Adam yere o kadar eğilmişti ki, yanına yaklaşan kişiyi fark etmedi bile. Ne zaman ki diğer insanın gölgesi güneşle arasına girip tatlı bir serinliği hissetmesine sebep oldu, o zaman ıssız kumsalda yalnız olmadığını anladı. Başını kaldırıp misafirine baktı. İşinin bölünmesinden pek memnun kalmamış bir ifade yerleşti yüzüne. Gözleri güneş ışığından rahatsız olunca başını yine yere çevirdi. Diğer adam orada yokmuş, hiç gelmemiş gibi gözleri neredeyse her kum tanesini taramaya devam etti.

“Merhaba” dedi yeni gelen. “Kolay gelsin.”
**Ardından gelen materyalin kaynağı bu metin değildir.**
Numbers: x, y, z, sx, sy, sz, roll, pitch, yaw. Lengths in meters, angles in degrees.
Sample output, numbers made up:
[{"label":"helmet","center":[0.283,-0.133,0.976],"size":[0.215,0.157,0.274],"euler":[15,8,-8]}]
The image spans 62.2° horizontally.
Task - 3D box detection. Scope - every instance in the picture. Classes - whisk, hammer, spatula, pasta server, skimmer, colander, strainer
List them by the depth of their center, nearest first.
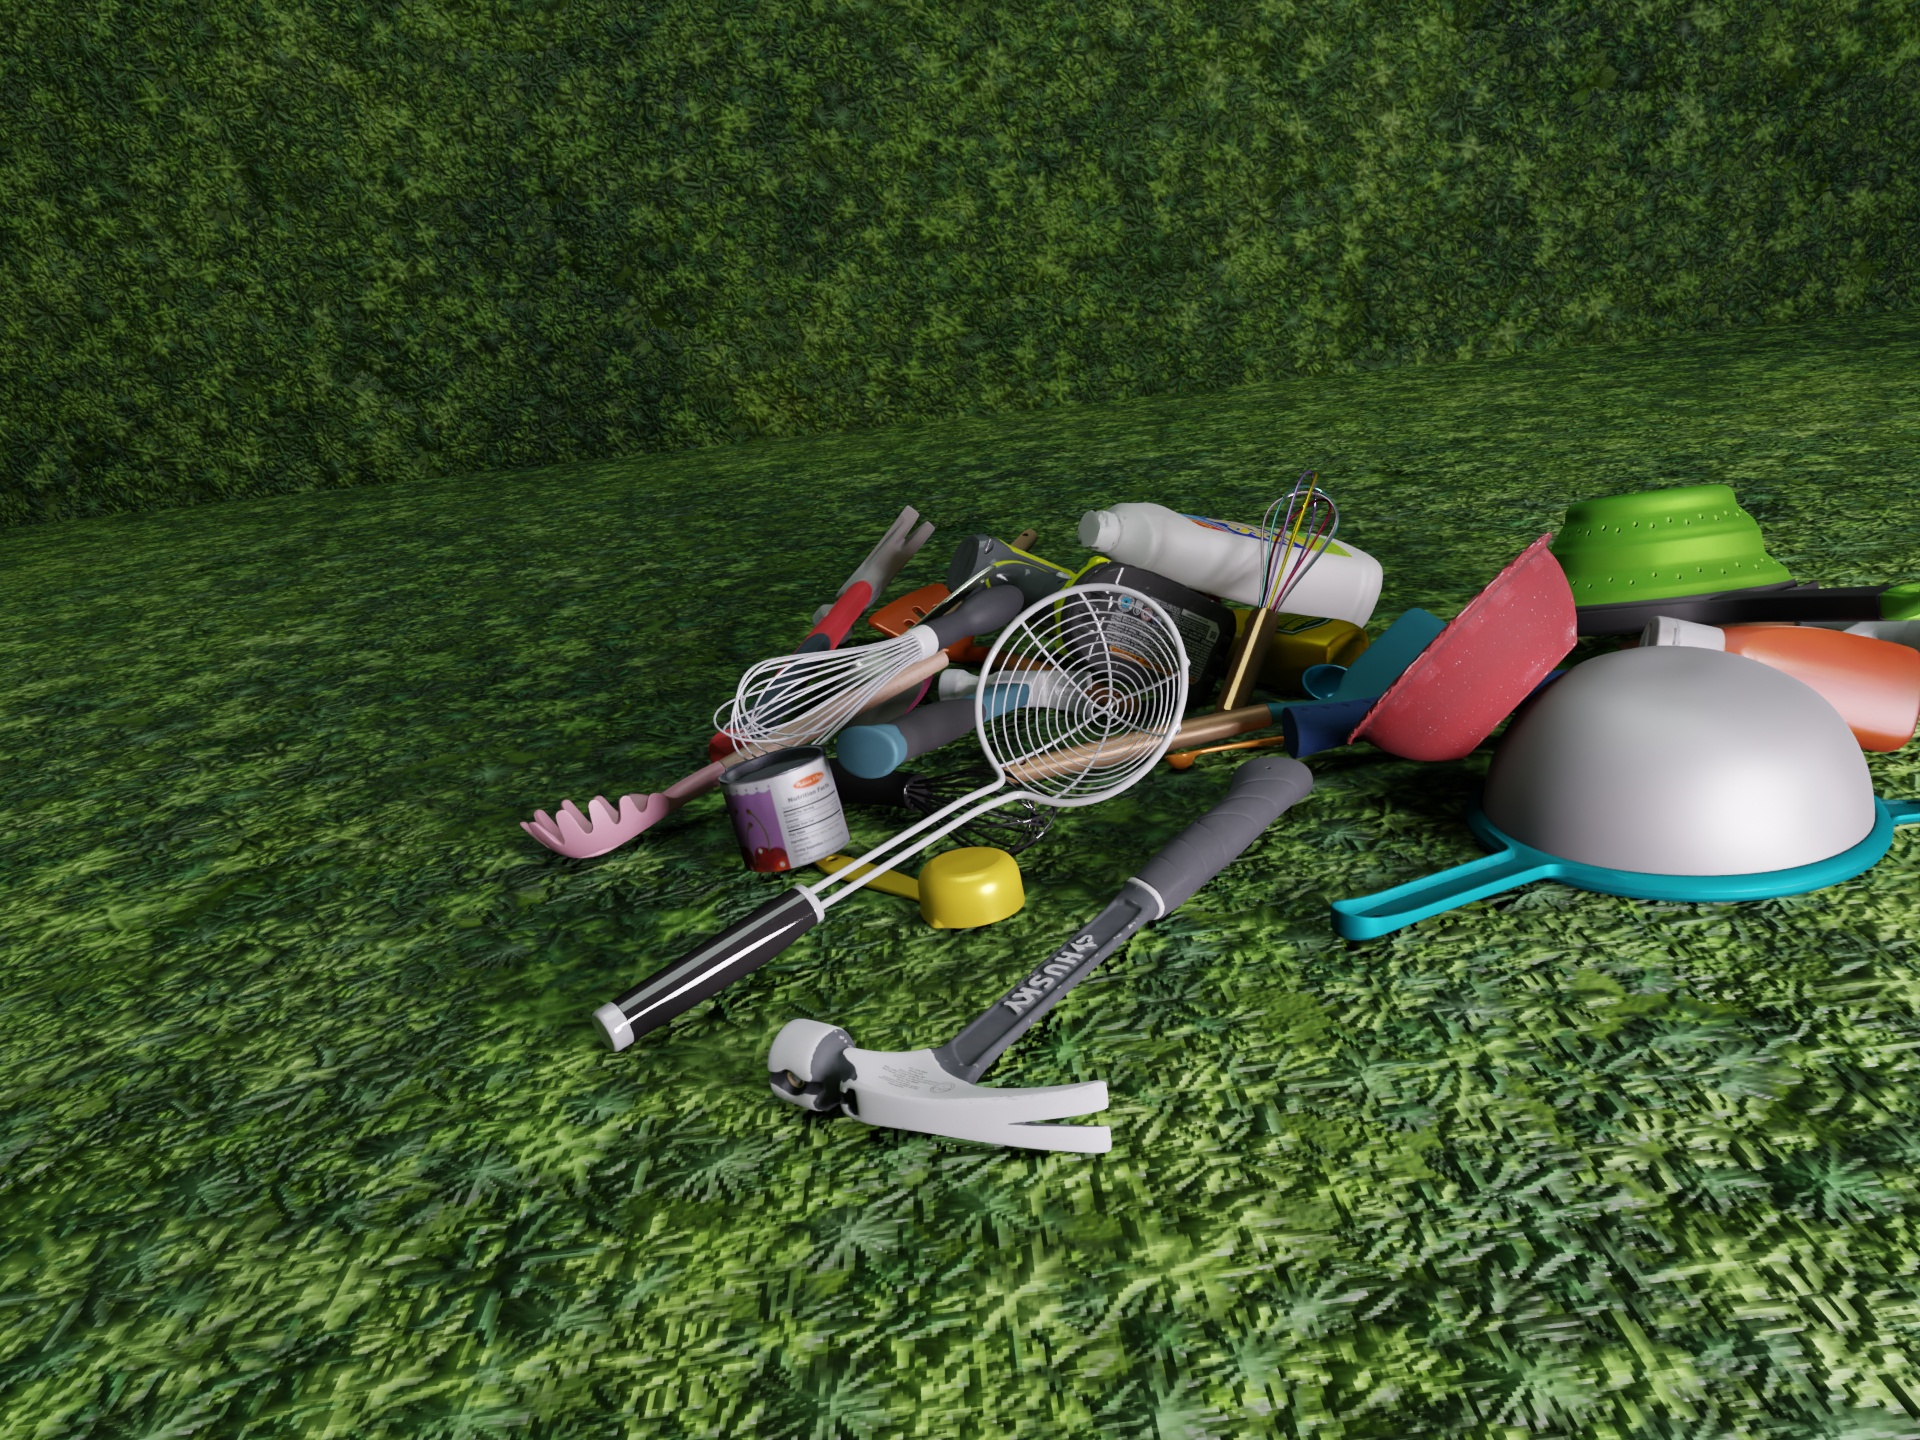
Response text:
[{"label":"hammer","center":[0.088,0.096,0.794],"size":[0.149,0.036,0.409],"euler":[7,21,33]},{"label":"skimmer","center":[-0.032,0.044,0.815],"size":[0.363,0.090,0.127],"euler":[-31,52,-30]},{"label":"strainer","center":[0.325,0.027,0.823],"size":[0.340,0.095,0.211],"euler":[-14,19,-26]},{"label":"whisk","center":[-0.028,0.047,0.978],"size":[0.055,0.055,0.239],"euler":[-20,17,-36]},{"label":"hammer","center":[0.407,-0.025,1.015],"size":[0.405,0.035,0.144],"euler":[-9,3,-2]},{"label":"hammer","center":[-0.002,-0.003,1.051],"size":[0.128,0.033,0.331],"euler":[0,8,19]},{"label":"pasta server","center":[-0.137,0.015,1.051],"size":[0.316,0.040,0.060],"euler":[-28,11,-28]},{"label":"colander","center":[0.505,-0.112,1.053],"size":[0.204,0.094,0.397],"euler":[-8,4,-8]},{"label":"spatula","center":[0.178,-0.008,1.054],"size":[0.317,0.044,0.082],"euler":[-13,29,-8]},{"label":"whisk","center":[-0.048,-0.041,1.064],"size":[0.070,0.070,0.284],"euler":[9,27,41]},{"label":"whisk","center":[0.227,-0.088,1.154],"size":[0.047,0.051,0.245],"euler":[-31,28,53]},{"label":"hammer","center":[-0.109,-0.062,1.253],"size":[0.143,0.038,0.386],"euler":[-48,7,24]},{"label":"spatula","center":[0.037,-0.054,1.272],"size":[0.081,0.041,0.323],"euler":[-29,27,-23]}]

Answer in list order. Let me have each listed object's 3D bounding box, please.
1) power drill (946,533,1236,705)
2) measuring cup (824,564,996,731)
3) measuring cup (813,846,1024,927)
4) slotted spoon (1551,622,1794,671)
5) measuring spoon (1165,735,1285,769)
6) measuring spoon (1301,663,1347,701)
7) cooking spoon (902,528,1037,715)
[{"label":"power drill","center":[0.106,-0.081,1.223],"size":[0.171,0.080,0.223],"euler":[19,5,-26]},{"label":"measuring cup","center":[-0.027,-0.049,1.158],"size":[0.167,0.038,0.083],"euler":[-41,-12,-8]},{"label":"measuring cup","center":[-0.031,0.081,0.888],"size":[0.157,0.029,0.062],"euler":[10,24,43]},{"label":"slotted spoon","center":[0.482,-0.051,1.126],"size":[0.313,0.031,0.070],"euler":[-11,31,-20]},{"label":"measuring spoon","center":[0.189,0.019,1.042],"size":[0.117,0.011,0.021],"euler":[-8,0,-16]},{"label":"measuring spoon","center":[0.300,-0.018,1.112],"size":[0.128,0.021,0.042],"euler":[1,41,-5]},{"label":"cooking spoon","center":[-0.008,-0.080,1.301],"size":[0.069,0.017,0.319],"euler":[11,38,25]}]

“Sağol.” Kırık-dökük bir geveleme gibi çıkmıştı ağzından bu söz. Umursamadı. İşi bu davetsiz misafirden daha önemliydi.

“Görüyorum ki, bir şey arıyorsun.” dedi diğeri. Gölgesi hâlâ eğilmiş adamın üzerine düşüyordu. “Yardıma ihtiyacın var mı?”
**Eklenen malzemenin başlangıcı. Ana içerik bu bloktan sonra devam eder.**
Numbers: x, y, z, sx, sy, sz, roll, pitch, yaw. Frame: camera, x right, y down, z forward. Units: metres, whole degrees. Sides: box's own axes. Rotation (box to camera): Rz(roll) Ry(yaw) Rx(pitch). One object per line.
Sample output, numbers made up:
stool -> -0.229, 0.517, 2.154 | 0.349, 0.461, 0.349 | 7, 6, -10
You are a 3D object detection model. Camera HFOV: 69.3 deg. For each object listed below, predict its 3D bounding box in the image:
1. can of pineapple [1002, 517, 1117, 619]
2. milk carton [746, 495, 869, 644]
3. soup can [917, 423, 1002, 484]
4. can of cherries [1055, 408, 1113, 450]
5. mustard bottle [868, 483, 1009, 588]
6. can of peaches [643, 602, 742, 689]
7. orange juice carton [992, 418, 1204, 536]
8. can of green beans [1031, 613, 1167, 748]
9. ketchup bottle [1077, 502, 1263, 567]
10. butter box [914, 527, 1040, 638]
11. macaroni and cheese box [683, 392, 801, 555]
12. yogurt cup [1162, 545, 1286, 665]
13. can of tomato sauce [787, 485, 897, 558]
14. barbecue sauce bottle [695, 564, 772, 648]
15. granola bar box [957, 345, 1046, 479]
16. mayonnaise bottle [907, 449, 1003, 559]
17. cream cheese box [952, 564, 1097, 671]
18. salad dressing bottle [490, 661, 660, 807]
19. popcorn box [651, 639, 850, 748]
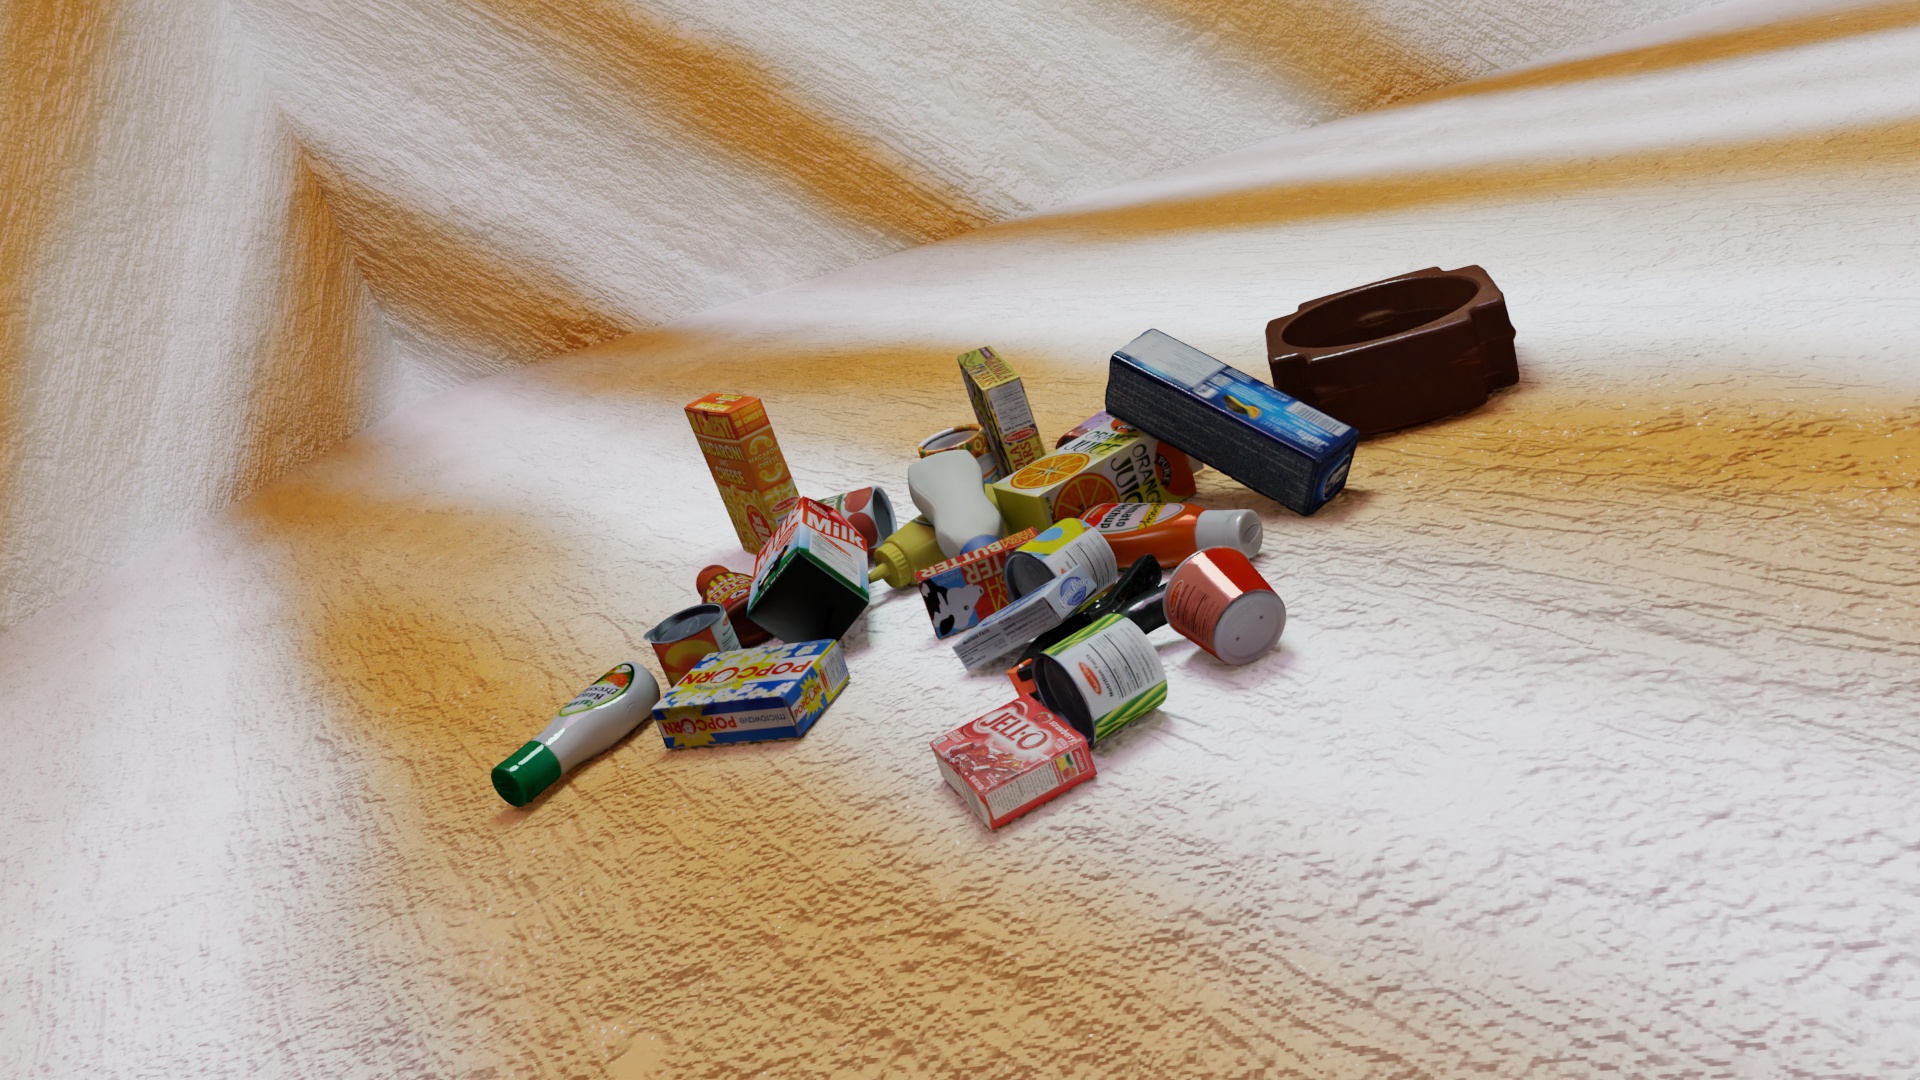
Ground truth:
can of pineapple -> 0.073, 0.024, 1.037 | 0.058, 0.070, 0.071 | -32, 23, -32
milk carton -> -0.128, 0.024, 1.183 | 0.072, 0.073, 0.191 | -50, 16, 13
soup can -> 0.005, -0.058, 1.294 | 0.071, 0.083, 0.071 | -17, 20, 6
can of cherries -> 0.127, -0.079, 1.261 | 0.058, 0.071, 0.071 | -33, 23, -29
mustard bottle -> -0.024, 0.003, 1.211 | 0.161, 0.048, 0.065 | -30, 25, -28
can of peaches -> -0.217, 0.092, 1.143 | 0.071, 0.058, 0.071 | -18, 20, 7
orange juice carton -> 0.130, -0.052, 1.178 | 0.193, 0.071, 0.073 | -29, 22, -25
can of green beans -> 0.086, 0.086, 0.860 | 0.058, 0.071, 0.071 | -27, 20, -21
ketchup bottle -> 0.158, -0.004, 1.065 | 0.148, 0.043, 0.065 | 0, 30, 43
butter box -> 0.021, 0.033, 1.082 | 0.103, 0.053, 0.024 | -21, 21, -5
macaroni and cheese box -> -0.208, -0.062, 1.382 | 0.040, 0.166, 0.124 | -30, 21, -25
yogurt cup -> 0.172, 0.044, 0.892 | 0.072, 0.072, 0.054 | -24, 32, -11
can of tomato sauce -> -0.109, -0.012, 1.301 | 0.083, 0.071, 0.071 | -14, 20, 15
barbecue sauce bottle -> -0.205, 0.055, 1.254 | 0.065, 0.043, 0.148 | -27, 20, -16
granola bar box -> 0.043, -0.112, 1.340 | 0.039, 0.123, 0.166 | -21, 19, -2
mayonnaise bottle -> 0.004, -0.015, 1.158 | 0.065, 0.041, 0.149 | -16, 46, -10
cream cheese box -> 0.045, 0.056, 0.985 | 0.103, 0.024, 0.053 | -33, 3, 42
salad dressing bottle -> -0.300, 0.151, 1.087 | 0.064, 0.044, 0.148 | -4, 25, 36
popcorn box -> -0.158, 0.116, 1.052 | 0.126, 0.038, 0.085 | -9, 23, 28

Kaşlarını hafifçe çattı. Kimdi bu adam? Nereden çıkmıştı? Neden gelmiş kendisini oyalamak istiyordu? Üstelik, yardım etmekten dem vuruyordu!

“Teşekkür ederim. Rahatsız etmezsen daha çok sevinirim.” Kendince son noktaydı söyledikleri. “Hadi sen yoluna, ben işime!” mesajını gizlemişti sözlerine.

“Bilgi Taşını arıyorsun, değil mi?”

Birden doğruldu. Saatlerdir bükük beli bu âni hareketi kaldıramadı. Acı bir feryat çıktı ağzından. Beli tutulmuştu! Bir taraftan acıyla yüzünü buruştururken, diğer taraftan karşısındaki adamı süzmeye başladı. Nereden bilmişti bu tuhaf görünümlü adam ne aradığını?

Bilgi Taşı! Kendisinin ve diğerlerinin gerek olmadıkça ağızlarına almaktan bile kaçındıkları, rüyalarını süsleyen, ama kimsenin göremediği, sadece bir efsane gibi kulaktan kulağa gezen o kutsal şeyin ismi ne rahat çıkmıştı adamın ağzından! Bu rahatlığı saygısızlık olarak yorumladı. İçini hem bir merak, hem de tedirginlik kapladı. Adamdan hem kurtulmak, ama hem de onu tanımak istiyordu.

“Tanışalım mı?”

Şimdi de tanışmak istiyordu adam! Anlamıştı, ondan kurtuluş yoktu. Kısa ve net cümlelerle tanıttı kendisini.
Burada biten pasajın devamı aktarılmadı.